Significant correlation between the traits in different populations at all locations revealed positive association of days to silking with maturity period in EE and with kernel rows in EE & EL. Days to black layer formation showed positive association with kernel rows in EE & EL and with GFD in BP, EL & LL. It was observed that both developmental stages had no correlation with kernel yield directly in any population, only significant correlation of days to black layer formation with kernel yield in LE & BP at one location showed high influence of environmental factors. Kernel rows had positive association with kernels per plant in BP, EE, LE & LL and with kernel yield in LE. Kernels per row had positive correlation with kernels per plant in BP & EL and with kernel yield in BP, kernels per plant with kernel yield in all populations and with leaf area in BP, whereas kernel weight displayed negative association with kernels per plant in all populations except BP. Kernel yield could be improved by increasing kernels per plant in all populations, whereas negative association of kernel yield with kernel weight in all the populations needs special breeding techniques to break this undesirable linkage.
Stability analysis indicated that location and population x location interaction were significant for days to black layer formation, kernel weight, leaf area, plant height and ear height. Population-location interaction was significant for days to silking and kernel yield, whereas non-significant variance of location and population-location interaction was observed for kernels per plant. None of the populations possessed bi equal to unity, whereas populations with regression closer to unity were considered stable population. The LE population showed bi value closer to unity for days to silking, days to black layer formation, kernel yield and plant height. The EE population showed bi value closer to unity for days to black layer formation kernel weight, ear height and kernel yield, BP showed for kernels per plant and plant height, and LL for kernel weight and plant height. Population showed bi value greater than unity were LL for days to black layer formation, and kernel yield, LE for kernels per plant, and ear height, EL for days to black layer formation, leaf area, plant height and kernel yield, EE for kernels per plant, leaf area, and ear height, and BP for days to silking, kernel weight, leaf area, and ear height.

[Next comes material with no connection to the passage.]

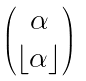Convert formula to latex. <formula><loc_0><loc_0><loc_500><loc_500>\begin{pmatrix} \alpha \\ \lfloor \alpha \rfloor \end{pmatrix}</formula>

Populations that displaying negative bi values, were LL for days to silking, leaf area & ear height, LE for leaf area, EL for days to silking, EE for days to silking, and BP for days to black layer formation & kernel yield. Significantly higher S2d were observed for days to silking in EL & BP for kernel weight in LL, EL and EE, for leaf area in LL, EL and BP, for plant height in EL & BP, for ear height in LL, LE, EL & BP and for kernel yield in LE, EL & BP.